The community groups and consumers coalesced around the ideal that the provincial respiratory outreach program should be community based but faced opposition from the hospital and health authority representatives who believed that it should be hospital based. A researcher was hired to investigate how the Pearson program had really operated and the results of the research confirmed the consumers’ experience. It was demonstrated that the Pearson program had been barely functioning and had been stymied by hospital procedures and territoriality. This confirmed the importance of the community’s position and the Implementation Committee became deadlocked. It appeared for a time that the authority of the hospital forces would win the day.

However the Consumer Working group came up with a plan. Many of the consumers had for many years used the Technology for Independent Living (TIL) program, which was housed at the Kinsmen Foundation and had just recently come under the administrative umbrella of the BC Paraplegic Association. TIL epitomized the kind of culture and responsiveness that was envisioned for the respiratory program and it possessed expertise and experience in managing equipment. With TIL’s collaboration, a proposal was made by the community representatives on the Implementation Committee to house the provincial respiratory outreach program with TIL. This proposal faced an uphill battle that was finally won when the Vice-President of Vancouver Coastal Health threw his support behind it after a particularly tense series of negotiating meetings.

The implementation process went on for almost a year as every possible scenario was worked through while a business plan was being developed. There are no other examples in public policy making, apart from the implementation of British Columbia’s adult guardianship laws, where consumers played such a pivotal role in every detail of the planning of the program. The Implementation Committee was the management committee and took the responsibility for overseeing the budget, staffing, the development of policies, procedures and evaluation criteria, negotiating contracts and working out the administrative role of the BCPA.

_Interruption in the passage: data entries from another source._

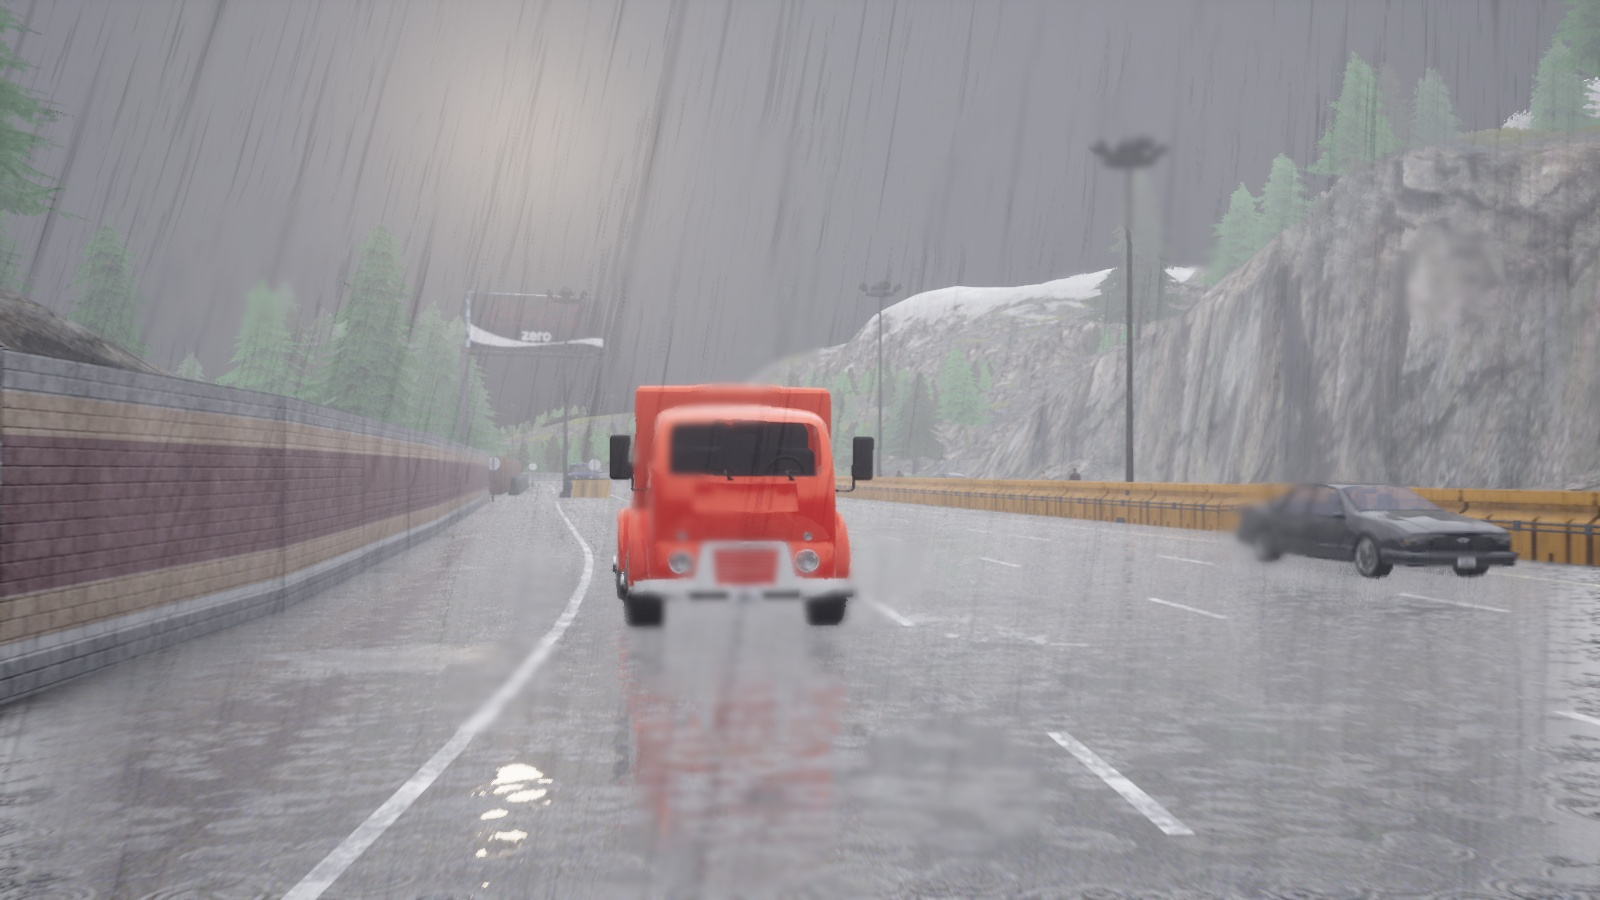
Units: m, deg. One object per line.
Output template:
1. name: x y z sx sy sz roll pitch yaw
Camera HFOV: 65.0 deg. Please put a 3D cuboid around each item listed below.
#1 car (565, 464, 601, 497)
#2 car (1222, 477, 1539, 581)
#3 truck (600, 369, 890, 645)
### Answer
1. car: -13.966 1.945 80.594 2.150 2.045 5.566 0 -1 -11
2. car: 9.055 1.161 20.275 2.033 1.411 5.357 0 -1 -8
3. truck: -0.786 0.572 13.978 2.627 2.467 5.204 0 -1 -7

The unique history of the development of the Provincial Respiratory Outreach Program shapes not only its present function but also its future. The ownership of the program belongs with the consumers who made it happen and who placed their faith not in others but in themselves. Respiratory equipment and the supplies and therapy that accompany it are major resources for their health and these resources are, in essence, being held in trust by PROP/TIL. PROP and TIL has since formed its own non-profit organization BC Association of Individualized Technology and Supports for People with Disabilities (BCITS) April 1, 2006.